Re: what is batch stub? Is it necessary?

Posted by Lewis John Mcgibbney <le...@gmail.com>.

Can you do a ls -al of your /lib directory please?
Also can you please provide any relevant snippet of your pom.xml which
contains filemgr pom.xml dependency
Thank you
Lewis

On Thu, Oct 9, 2014 at 2:20 PM, Mallder, Valerie <Valerie.Mallder@jhuapl.edu
> wrote:

> Thanks Chris,  (Thanks everyone for all of the help, it was helpful,
> really it was :)  )
>
> My brain is exhausted ..... (heavy sigh) and I feel like I have to start
> all over again.
>
> My intention (after I got the crawler and filemanager working together
> last week), was to integrate it with the workflow manager to demonstrate
> launching a workflow that consisted of a simple script that runs before the
> crawler, and then run the crawler.  After that, I was going to try to
> integrate a java application into the workflow, and try to continue
> integrating new things step by step. I think everything would have been
> fine in this simple setup if I could have just gotten the
> ExternScriptTaskInstance to run. But that was a huge fail.  It doesn't look
> like the test program for that class tests it the way I want to use it, so
> I have no idea if it actually works or not.  The code implies that you can
> specify arguments to your external script, but I could not find a way to
> get them read in.  The the getAllMetada method always returned a null list
> of arguments that causes an exception on line 72.
>
> So right now, I've basically gone back to the beginning of using CAS-PGE,
> and I'm trying to get the crawler to run as the very first step in my
> pipeline the raw telemetry files that are dropped off by FEI.  After the
> ingestion and archival, one of the postIngestSuccess actions of the crawler
> copies all of the new raw telemetry files to a directory where we store all
> of the level 0 files.  The level 0 directory (and all of it's
> subdirectories and files) is what I consider to be the "output" of this
> simple first step of the pipeline.  I realize that I may need to start a
> crawler again at a later point in the pipeline. But I want to focus on one
> step at a time.
>
> Chris, In regards to your comments below, here are two questions followed
> by the contents of my .xml files for review.
>
> [1]- When you say " define blocks in the <output>..</output> section of
> the XML file", what xml file are you referring to? I think the
> <output>..</output> tags can only go in the PGE config file, is that
> correct?
>
> Here is what I have in my fei-crawler-pge-config.xml file. Is this OK?

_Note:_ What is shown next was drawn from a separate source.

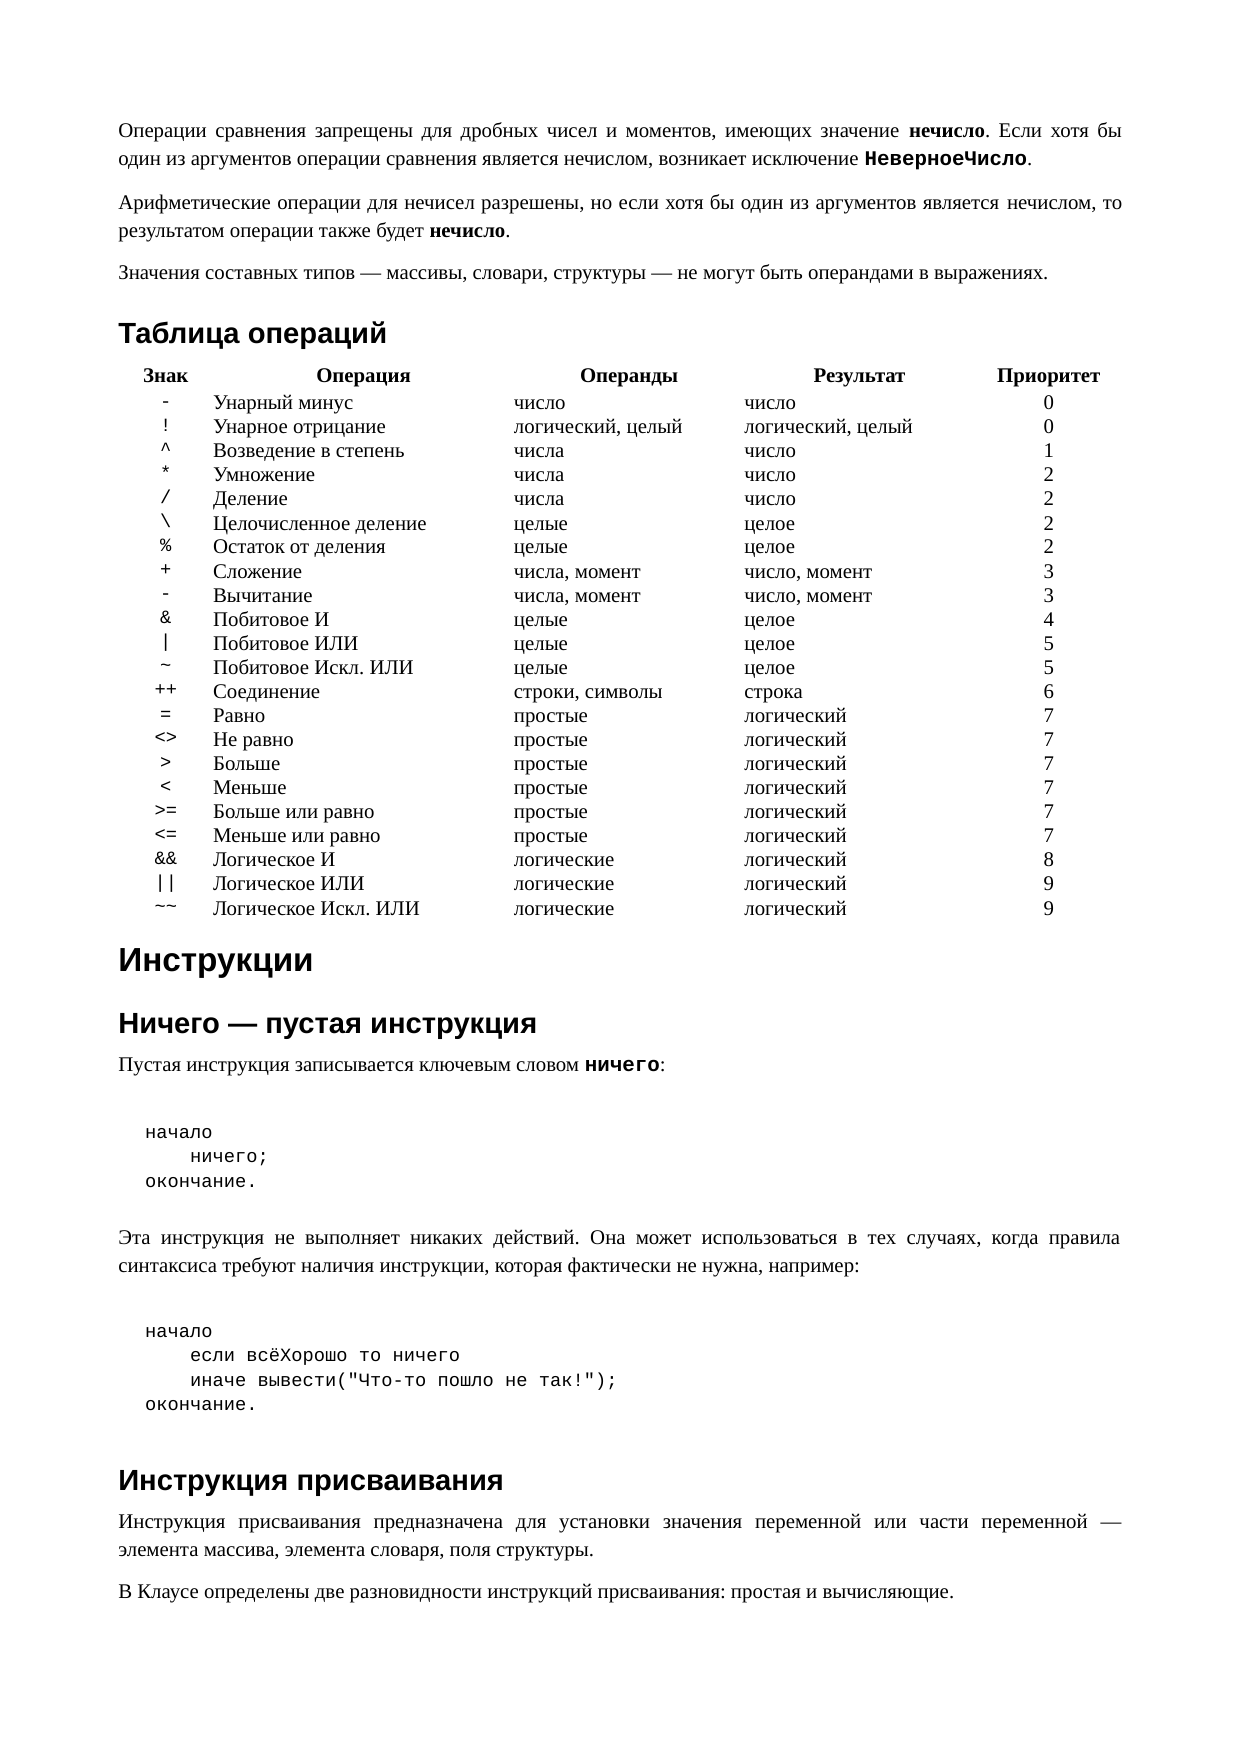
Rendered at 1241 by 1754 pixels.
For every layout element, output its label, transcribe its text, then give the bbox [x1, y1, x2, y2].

>    <!-- Files to ingest -->
>    <output>
>       <dir="[FEI_DROP_DIR]" envReplace="true" />
>    </output>
>
> [2] If I don't need to define a CAS-PGE Task, how do I tell the workflow
> to start the crawler?   Right now, I am trying to do it with a task, but if
> you can tell me how to do it without a task, I will be happy to try it.
>
>
>
> So, here is my current workflow:
>
> <cas:workflow xmlns:cas="http://oodt.jpl.nasa.gov/1.0/cas"
> id="urn:oodt:jediWorkflowId" name="jediWorkflowName">
>    <tasks>
>        <task id="urn:oodt:feiCrawlerTaskId" name="feiCrawlerTaskName" />
>    </tasks>
> </cas:workflow>
>
> Here is my current task:
>
> <cas:tasks xmlns:cas="http://oodt.jpl.nasa.gov/1.0/cas">
>    <task id="urn:oodt:feiCrawlerTaskId" name="feiCrawlerTaskName"

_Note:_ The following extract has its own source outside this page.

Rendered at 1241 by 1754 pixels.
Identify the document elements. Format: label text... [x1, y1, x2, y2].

> class="org.apache.oodt.cas.pge.StdPGETaskInstance">
>       <configuration>
>          <property name="PGETask/Name" value="feiCrawlerTaskname"/>
>          <property name="PGETask/ConfigFilePath"

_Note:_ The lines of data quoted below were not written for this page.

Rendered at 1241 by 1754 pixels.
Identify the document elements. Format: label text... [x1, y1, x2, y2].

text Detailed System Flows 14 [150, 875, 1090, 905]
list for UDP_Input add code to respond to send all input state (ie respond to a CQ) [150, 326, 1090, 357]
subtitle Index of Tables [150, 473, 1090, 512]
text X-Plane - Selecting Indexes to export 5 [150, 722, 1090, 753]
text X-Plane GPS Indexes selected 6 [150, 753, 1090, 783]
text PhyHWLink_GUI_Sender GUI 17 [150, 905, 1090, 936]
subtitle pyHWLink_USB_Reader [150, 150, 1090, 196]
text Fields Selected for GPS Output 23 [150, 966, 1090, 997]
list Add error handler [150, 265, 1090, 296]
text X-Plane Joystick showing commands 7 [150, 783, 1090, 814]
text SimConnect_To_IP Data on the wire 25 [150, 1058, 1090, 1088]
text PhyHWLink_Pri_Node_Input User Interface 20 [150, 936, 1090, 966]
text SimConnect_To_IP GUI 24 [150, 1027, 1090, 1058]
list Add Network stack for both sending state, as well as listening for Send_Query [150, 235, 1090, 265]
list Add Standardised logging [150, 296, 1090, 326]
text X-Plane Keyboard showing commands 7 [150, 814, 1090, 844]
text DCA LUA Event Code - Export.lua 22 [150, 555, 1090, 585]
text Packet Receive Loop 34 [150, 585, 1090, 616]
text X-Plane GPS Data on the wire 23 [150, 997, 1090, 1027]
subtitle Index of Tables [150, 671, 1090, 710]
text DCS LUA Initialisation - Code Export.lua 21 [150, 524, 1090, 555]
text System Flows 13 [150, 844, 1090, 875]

> value="[OODT_HOME]/extensions/config/fei-crawler-pge-config.xml"
> envReplace="true"/>
>          <property name="PGETask/DumpMetadata" value="true"/>
>          <property name="PGETask/WorkflowManagerUrl"
> value="[WORKFLOW_URL]" envReplace="true" />
>          <property name="PGETask/Query/FileManagerUrl"
>  value="[FILEMGR_URL]" envReplace="true"/>
>          <property name="PGETask/Ingest/FileManagerUrl"
>  value="[FILEMGR_URL]" envReplace="true"/>
>
>          <property name="PGETask/Query/ClientTransferServiceFactory"
> value="org.apache.oodt.cas.filemgr.datatransfer.LocalDataTransferFactory"/>
>          <property name="PGETask/Ingest/CrawlerConfigFile"
> value="file:[CRAWLER_HOME]/policy/crawler-config.xml" envReplace="true"/>
>          <property name="PGETask/Ingest/MimeExtractorRepo"
> value="file:[OODT_HOME]/extensions/policy/mime-extractor-map.xml"
> envReplace="true"/>
>          <property name="PGETask/Ingest/ActionIds"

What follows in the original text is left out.